Many other nasty little techniques have been exploited by commercial webmasters and eventually countered by search engines. However, these drastic countermeasures employed by search engines collaterally penalise Web pages that use the same coding techniques for perfectly genuine purposes.
This is why it is now so difficult to find specific non-commercial information on the Worldwide Web. So, what is the solution?
Probably the majority of pages on the Web do not include Keyword Meta-Tags. Search engines must always therefore default to extracting keywords from text for such pages. In fact the major search engines need to - and probably will continue to - confine themselves to this method Cruden used for the Bible way back in 1737. I think the only way to enable people to find specific non-commercial information on the Worldwide Web is for custodians of specific information to semantically index their web pages and provide their own search engines which use manually-built semantic indexes instead of indexes abstracted from the content text. I have included a semantically indexed search engine applet on this web site.
In the case of my search, I want to find specific clauses within specific laws that provide the answer to my question. The government web site www.planalto.gov.br hosts the laws of Brazil. Looking in the source code of some of these pages I found no Keyword Metatags.

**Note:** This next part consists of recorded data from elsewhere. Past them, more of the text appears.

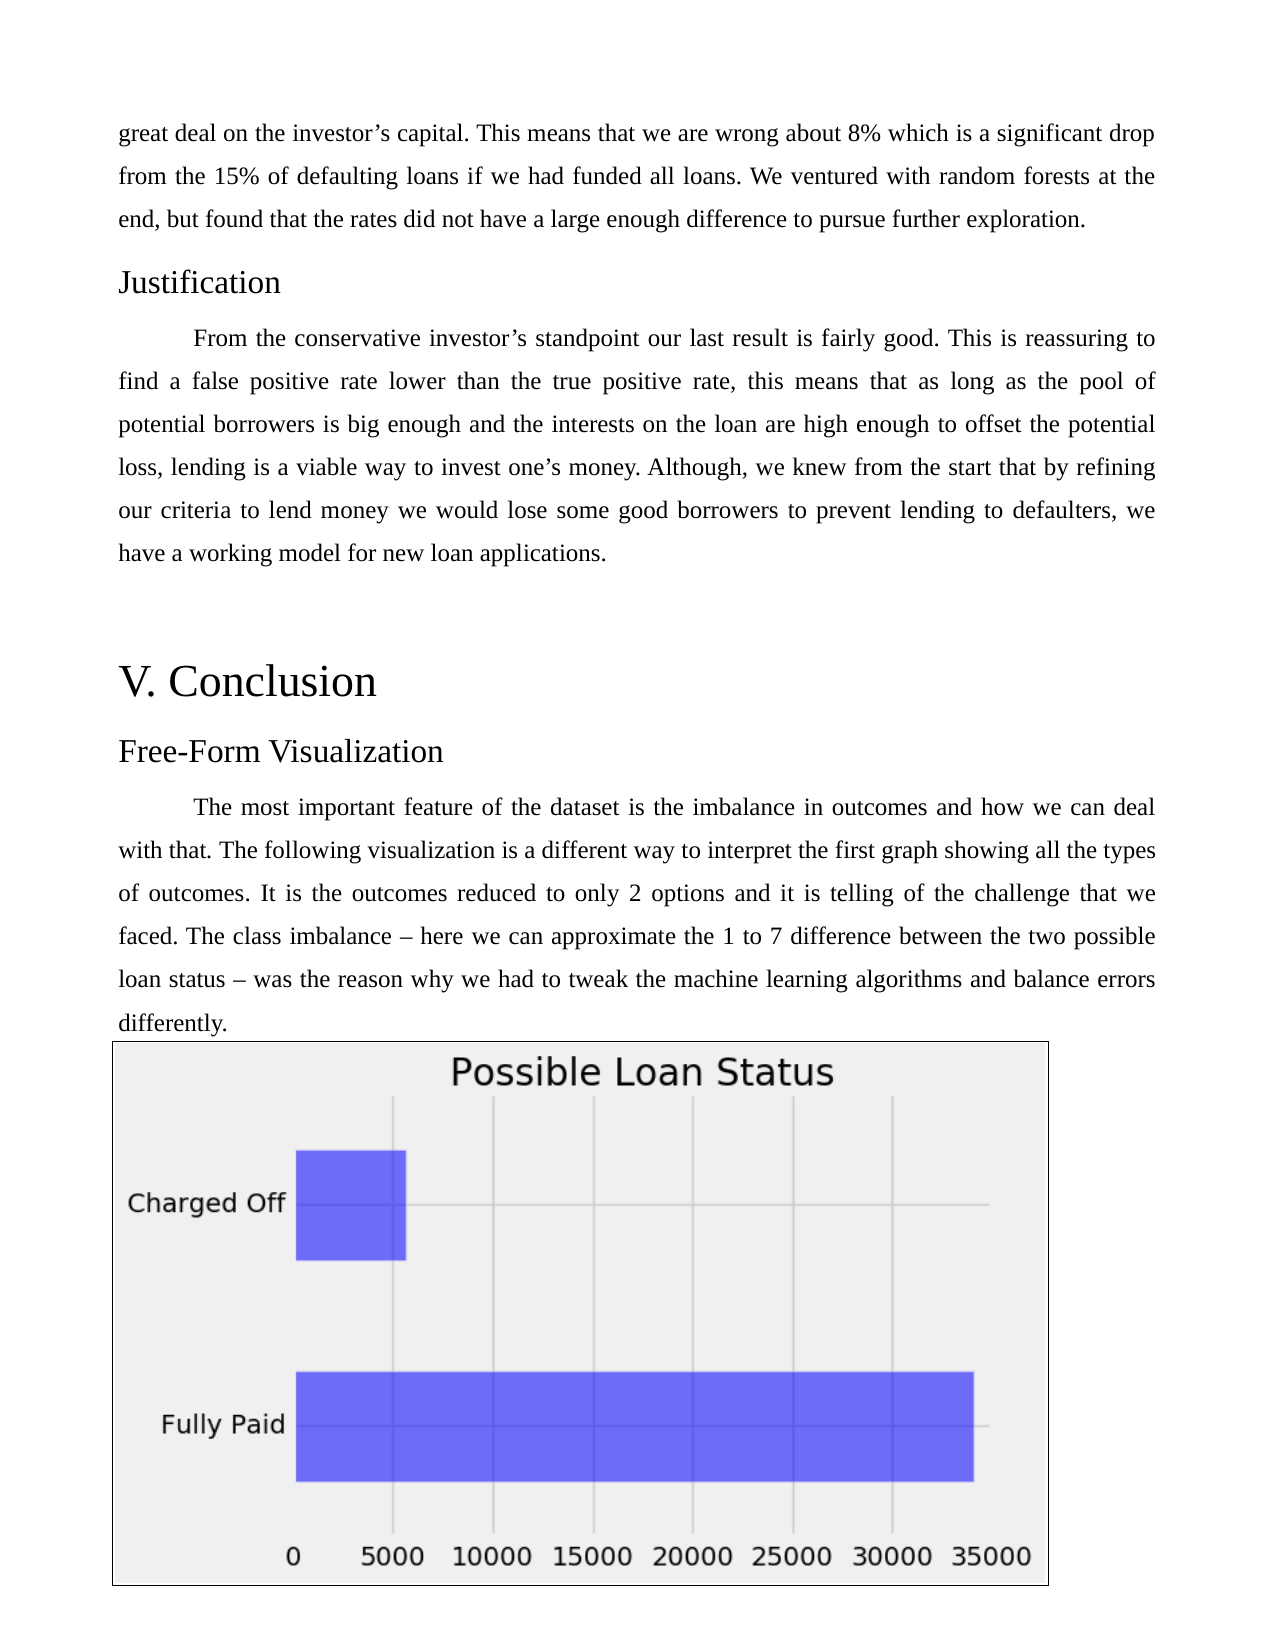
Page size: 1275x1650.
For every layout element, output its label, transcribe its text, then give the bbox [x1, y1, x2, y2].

text Justification [118, 262, 1157, 300]
text V. Conclusion [118, 654, 1157, 706]
picture [115, 1043, 1046, 1583]
text From the conservative investor’s standpoint our last result is fairly good. This is reassuring to find a false positive rate lower than the true positive rate, this means that as long as the pool of potential borrowers is big enough and the interests on the loan are high enough to offset the potential loss, lending is a viable way to invest one’s money. Although, we knew from the start that by refining our criteria to lend money we would lose some good borrowers to prevent lending to defaulters, we have a working model for new loan applications. [118, 323, 1157, 567]
text The most important feature of the dataset is the imbalance in outcomes and how we can deal with that. The following visualization is a different way to interpret the first graph showing all the types of outcomes. It is the outcomes reduced to only 2 options and it is telling of the challenge that we faced. The class imbalance – here we can approximate the 1 to 7 difference between the two possible loan status – was the reason why we had to tweak the machine learning algorithms and balance errors differently. [118, 792, 1157, 1036]
text great deal on the investor’s capital. This means that we are wrong about 8% which is a significant drop from the 15% of defaulting loans if we had funded all loans. We ventured with random forests at the end, but found that the rates did not have a large enough difference to pursue further exploration. [118, 118, 1157, 233]
text Free-Form Visualization [118, 731, 1157, 770]

Consequently, search engines can only build indexes of these laws by abstracting significantly large words within their texts. This explains why I have not been able to find what I am looking for.
In my opinion, under present technology, it is fundamentally impossible for any automated device to make semantic judgements or associations. Consequently, to make the law really accessible, www.planalto.gov.br/ would have to form a team of legal professionals, schooled in the art of semantic indexing, to semantically index each web page containing a law. This is no small task. However, I think that the cost-benefit to the country in providing fast accurate targeting of applicable law would be tremendous in terms of time saved by lawyers and judicial functionaries throughout the whole country in preparing cases and formulating agreements. I suggest that this would be a very worthwhile project to help speed the economic development of Brazil.
In the case of my own website, I have long since given up trying to engineer some means by which such search engines as Google could be persuaded to index it. Instead, I have created PDF versions of many of my major pages. I have renamed each page with a filename comprising very well-chosen keywords joined by underscore characters. I have placed all these PDF files in a directory called "uploads". I have then pointed my FTP, aMule and gtk-gnutella servers and my Kademlia searcher to this directory as a permanent source of uploadable files. I have also placed them as both PDF files and “freesites” within FreeNet.
This way, my major web pages get indexed in the distributed hash tables of various non-web networks. The secret, however, is that in each PDF file are links that refer back to the relevant pages on my website. A person who chooses to download such a file can thereby find, and gain access to, the proper web-version of the page. I have also incorporated these key web pages into Webrings. Between them, these alternative methods have once again made my website visible to the world.